Let {$a_n$}$_{1}^{\infty}$ be array such that $a_1=2$ and for every $n\ge1$ $a_{n+1}=2^{a_n}+2$. Let $m,n$ be positive integers such that $m<n$. Prove that $a_m|a_n$.
Problem
Source: Serbia EGMO TST 2015
Tags: number theory
MathStudent2002
15.11.2015 19:58
Also 2015 ELMO #1
trumpeter
15.11.2015 20:00
It suffices to prove that $a_m\left|a_{m+1}\right.$.
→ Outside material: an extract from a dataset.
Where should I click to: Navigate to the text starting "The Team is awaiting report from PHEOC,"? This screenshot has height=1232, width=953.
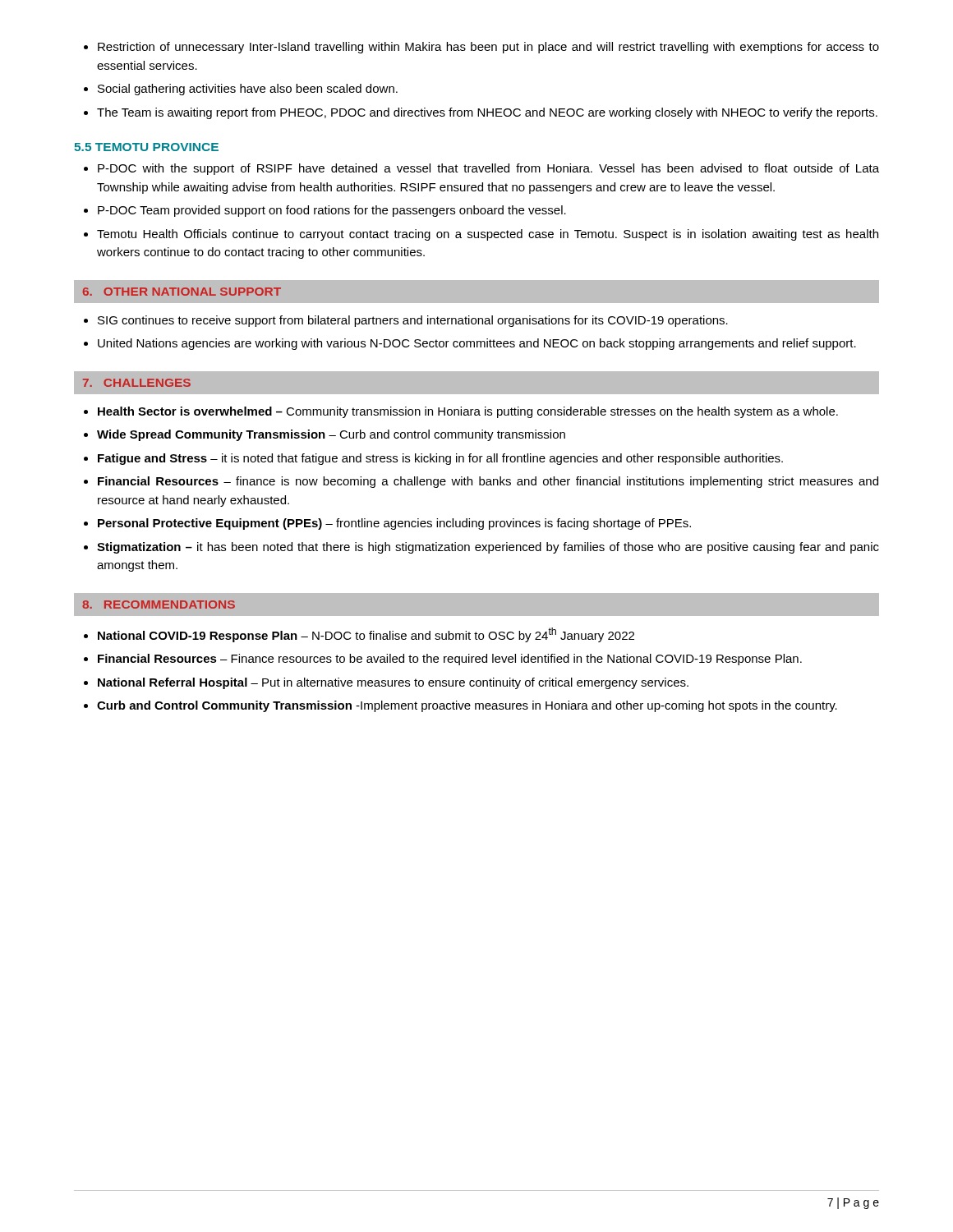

But this is just 2015 ELMO #1.
Oops MathStudent2002 beat me to that
AleksaS
25.08.2020 17:14
Well known claim: If $a$ and $b$ are natural numbers, it is well known that $2^a + 1 | 2^b + 1$ if and only if $a | b$ and $\frac{b}{a}$ is odd number. We finish solution by induction. Let's suppose that for every $n > 3$, $a_i | a_j$ holds for any $i < j < n$. Now because $a_{n-3}$ and $a_{n-2}$ are divisible by $2$ but not by $4$ it means that $\frac{a_{n-2}}{a_{n-3}}$ is odd. From this we have $2^{a_{n-3}} + 1 = a_{n-2} -1$ which divides $2^{a_{n-2} - 1} + 1 = a_{n - 1} - 1$. From this $2^{a_{n-2} - 1} + 1 = \frac{a_{n -1}}{2}$ which divides $2^{a_{n-1} - 1} + 1 = \frac{a_n}{2}$ thus $a_{n -1} | a_n$ and from there $a_m | a_n$ for every $m < n$ which follows from induction.